Third, there will be times when we groan before an apparent “NO” to our prayers for deliverance (v. 22-25). Creation’s promised restoration is yet unrealized; we are still part of that creation!

What may seem like an apparent “NO” isn’t a “no” when we’re praying both prayers of the will of God. It is His will that we pray for the presence of His Kingdom power. And it’s His will that we pray, “Lord, I rest this now with You,” and learn to live in that. That dichotomy is hard for to deal with sometimes, having to do with what we think about hope.

Verse 22 and 23 note a particular truth. When we have struggles and pain, we groan.

The “adoption of the body” that’s referred to is that day we’re caught away. Just as an adoptive child is taken to a home they never had, we are going to be taken to a home in Heaven we’ve never had, and on that day, we will come into His presence. We often will “groan” for that day of the coming of the Lord.

The Bible says we live in a world where we will groan before an apparent “no” to our prayers for deliverance. We are in the tension between two eras: one being realized—the ongoing development of God’s eternal Kingdom in us. The other is being overcome as we are coming out of this present order, which is fading away. As we live in the tension between these two eras, our salvation has entered us into a place of secured hope. We were born into it; it is a present reality.

How do we pray in crisis? We need to allow ourselves to be caught up in the grip of eternal hope, the ultimate hope of triumph given to us (v. 24, 25). There is a hope that exceeds anything we will ever see this side of glory. The question is then, when you come into crises, will you live in that hope, or will you look out at a hopeless world and let it dominate you?

Finally, when hope seems unfulfilled to our perspective, there’s only one way to “eagerly wait with perseverance” (v. 26-27).

When hope seems unfulfilled, to our perspective, there is only one way to “eagerly wait with perseverance” (v. 25): Invoke the Spirit’s help in Spirit-assisted prayer.
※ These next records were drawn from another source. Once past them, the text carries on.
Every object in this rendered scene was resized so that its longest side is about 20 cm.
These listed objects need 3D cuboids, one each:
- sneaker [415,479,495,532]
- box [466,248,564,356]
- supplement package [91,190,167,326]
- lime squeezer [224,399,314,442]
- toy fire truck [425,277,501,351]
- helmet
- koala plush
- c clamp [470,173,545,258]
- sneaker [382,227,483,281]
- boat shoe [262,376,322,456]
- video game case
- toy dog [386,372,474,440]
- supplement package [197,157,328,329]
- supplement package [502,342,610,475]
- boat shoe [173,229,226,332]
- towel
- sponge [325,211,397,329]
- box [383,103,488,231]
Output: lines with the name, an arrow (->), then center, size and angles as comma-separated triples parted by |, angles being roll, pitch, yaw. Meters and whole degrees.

We can only do this if we admit, “I don’t know,” and make the double-surrender to God’s love (by His Spirit) and His will (by His Word).
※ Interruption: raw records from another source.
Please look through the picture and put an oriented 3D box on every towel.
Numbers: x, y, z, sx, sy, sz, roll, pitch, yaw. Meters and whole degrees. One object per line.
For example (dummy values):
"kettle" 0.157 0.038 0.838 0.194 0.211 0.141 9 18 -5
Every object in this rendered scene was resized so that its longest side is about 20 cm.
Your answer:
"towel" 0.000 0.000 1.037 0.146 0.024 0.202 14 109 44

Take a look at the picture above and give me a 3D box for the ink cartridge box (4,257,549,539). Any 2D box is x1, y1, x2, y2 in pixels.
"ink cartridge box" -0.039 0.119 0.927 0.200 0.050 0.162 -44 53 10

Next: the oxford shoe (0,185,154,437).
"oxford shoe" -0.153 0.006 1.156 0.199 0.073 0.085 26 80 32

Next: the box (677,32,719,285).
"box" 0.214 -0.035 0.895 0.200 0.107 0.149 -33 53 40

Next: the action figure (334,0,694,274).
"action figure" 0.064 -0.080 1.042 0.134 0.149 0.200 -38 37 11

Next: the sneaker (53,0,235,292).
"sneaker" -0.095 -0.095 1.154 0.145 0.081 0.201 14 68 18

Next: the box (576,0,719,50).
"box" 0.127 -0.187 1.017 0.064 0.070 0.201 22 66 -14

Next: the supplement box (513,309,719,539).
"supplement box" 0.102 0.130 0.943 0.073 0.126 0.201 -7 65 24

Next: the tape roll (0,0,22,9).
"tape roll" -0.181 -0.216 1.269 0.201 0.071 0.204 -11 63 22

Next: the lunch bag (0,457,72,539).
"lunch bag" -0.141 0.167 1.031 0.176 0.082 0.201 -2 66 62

In a crisis, we come to the place of prayer with the Holy Spirit’s assistance, groaning, calling out to the Lord, “Spirit of God, help me.” Then as He comes to help, we often don’t know the words He’s giving us to pray. Verse 26 says that He who searches the hearts knows what is the mind of the Spirit, and He makes intercession for us. And as He does that, then we know all things will work together for good.

Your guarantee of standing in faith in a crisis and in its aftermath is an unqualified invitation of God’s will into the situation. The reason we can withstand a crisis isn’t because of knowing how to perfectly pray; it’s because of having the presence within ourselves of the living Spirit of God. The unqualified invitation of His will and way guarantees your ability to stand in faith, knowing the answer you have is His. Such prayer releases God’s maximum redemptive purposes, and such living releases an ever deepening conformity to the Person and power of Jesus in our life.

Among those things that, by the Holy Spirit, will make us more like Jesus (v. 29) is learning how to pray through the crises of life. Pray for every miracle and healing—you will receive many! And when you don’t, that doesn’t mean your faith is lacking or that God has changed His mind or His nature. It means there are things we don’t know, and He calls us to say, “There is a glory and hope given to me, and I embrace it!”